-- DATASET RECORDS follows --
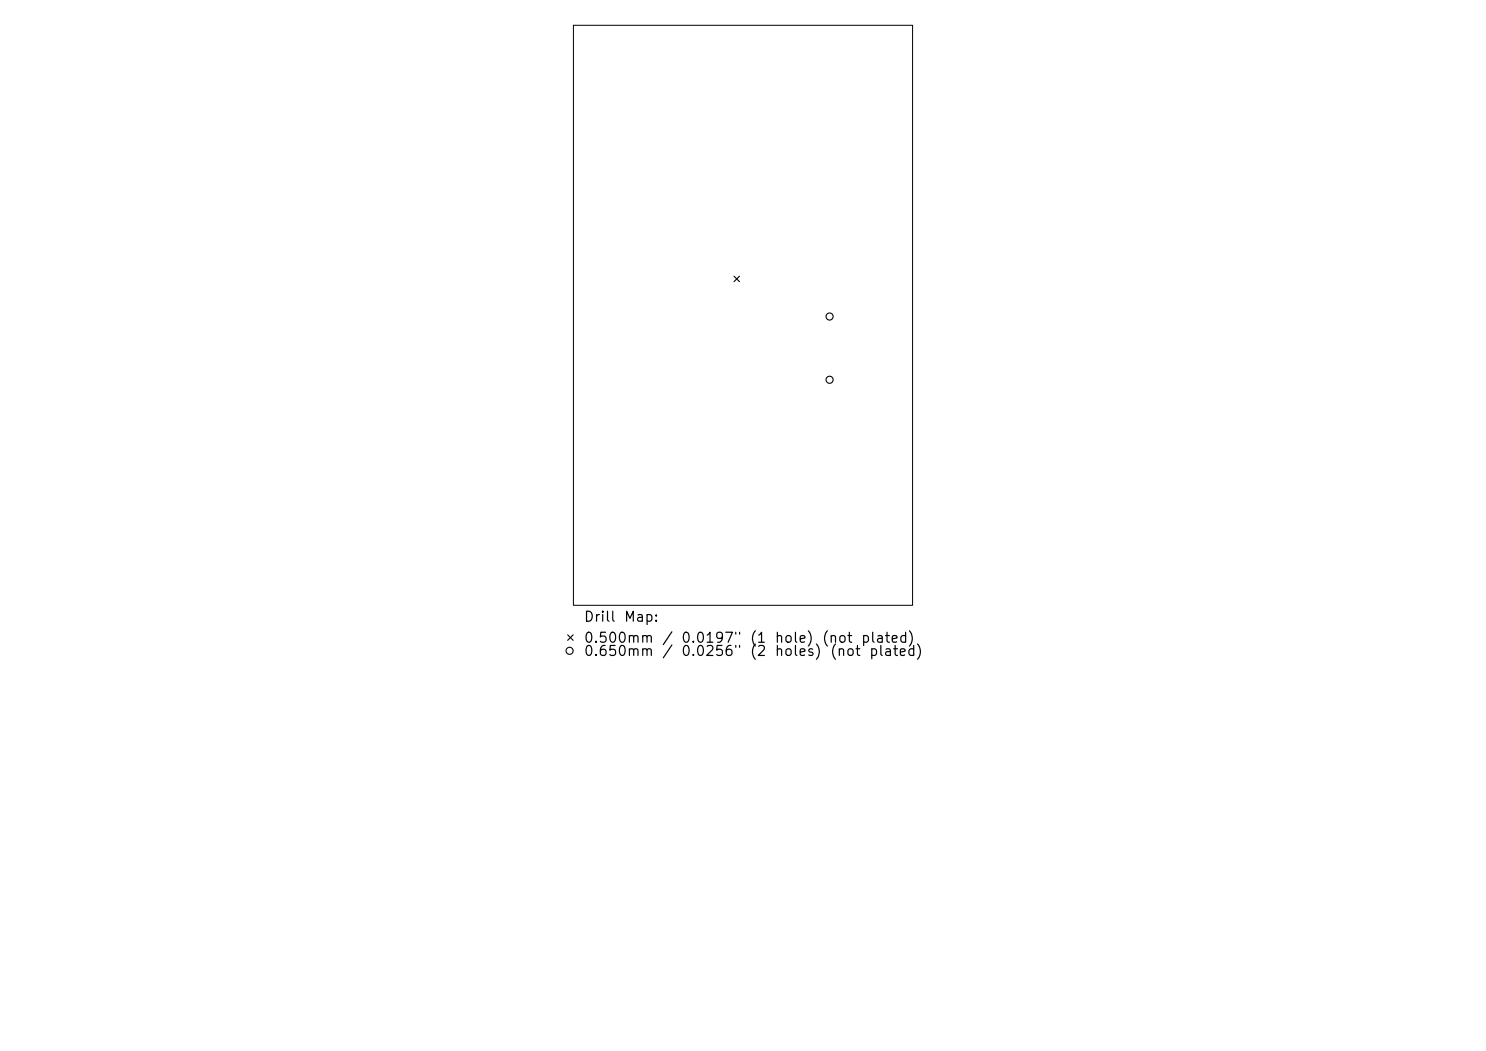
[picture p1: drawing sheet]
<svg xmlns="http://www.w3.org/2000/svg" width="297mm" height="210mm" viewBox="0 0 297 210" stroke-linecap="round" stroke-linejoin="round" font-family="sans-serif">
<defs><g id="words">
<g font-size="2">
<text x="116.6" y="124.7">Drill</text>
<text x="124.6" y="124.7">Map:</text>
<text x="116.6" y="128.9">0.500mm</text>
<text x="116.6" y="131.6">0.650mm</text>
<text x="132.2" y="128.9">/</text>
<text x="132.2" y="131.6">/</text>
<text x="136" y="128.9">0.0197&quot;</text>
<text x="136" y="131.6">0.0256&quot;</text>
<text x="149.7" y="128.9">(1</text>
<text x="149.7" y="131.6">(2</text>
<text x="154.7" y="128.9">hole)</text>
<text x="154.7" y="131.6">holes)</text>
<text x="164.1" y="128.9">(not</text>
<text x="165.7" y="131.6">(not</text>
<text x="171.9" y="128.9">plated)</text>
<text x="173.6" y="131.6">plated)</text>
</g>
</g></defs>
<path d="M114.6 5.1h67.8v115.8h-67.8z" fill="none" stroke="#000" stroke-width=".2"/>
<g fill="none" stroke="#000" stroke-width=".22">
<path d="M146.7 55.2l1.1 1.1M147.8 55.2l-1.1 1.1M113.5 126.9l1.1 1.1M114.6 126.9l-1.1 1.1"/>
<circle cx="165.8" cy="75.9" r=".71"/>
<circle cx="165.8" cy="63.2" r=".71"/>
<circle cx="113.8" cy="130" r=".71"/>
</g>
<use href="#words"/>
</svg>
-- DATASET RECORDS concluded --
*EXERCISE*
Everything in the entries except the pictures must be duplicated exactly.

*WORKED SOLUTION*
[picture p1: drawing sheet]
<svg xmlns="http://www.w3.org/2000/svg" width="297mm" height="210mm" viewBox="0 0 297 210" stroke-linecap="round" stroke-linejoin="round" font-family="sans-serif">
<defs><g id="words">
<g font-size="2">
<text x="116.6" y="124.7">Drill</text>
<text x="124.6" y="124.7">Map:</text>
<text x="116.6" y="128.9">0.500mm</text>
<text x="116.6" y="131.6">0.650mm</text>
<text x="132.2" y="128.9">/</text>
<text x="132.2" y="131.6">/</text>
<text x="136" y="128.9">0.0197&quot;</text>
<text x="136" y="131.6">0.0256&quot;</text>
<text x="149.7" y="128.9">(1</text>
<text x="149.7" y="131.6">(2</text>
<text x="154.7" y="128.9">hole)</text>
<text x="154.7" y="131.6">holes)</text>
<text x="164.1" y="128.9">(not</text>
<text x="165.7" y="131.6">(not</text>
<text x="171.9" y="128.9">plated)</text>
<text x="173.6" y="131.6">plated)</text>
</g>
</g></defs>
<path d="M114.6 5.1h67.8v115.8h-67.8z" fill="none" stroke="#000" stroke-width=".2"/>
<g fill="none" stroke="#000" stroke-width=".22">
<path d="M146.7 55.2l1.1 1.1M147.8 55.2l-1.1 1.1M113.5 126.9l1.1 1.1M114.6 126.9l-1.1 1.1"/>
<circle cx="165.8" cy="75.9" r=".71"/>
<circle cx="165.8" cy="63.2" r=".71"/>
<circle cx="113.8" cy="130" r=".71"/>
</g>
<use href="#words"/>
</svg>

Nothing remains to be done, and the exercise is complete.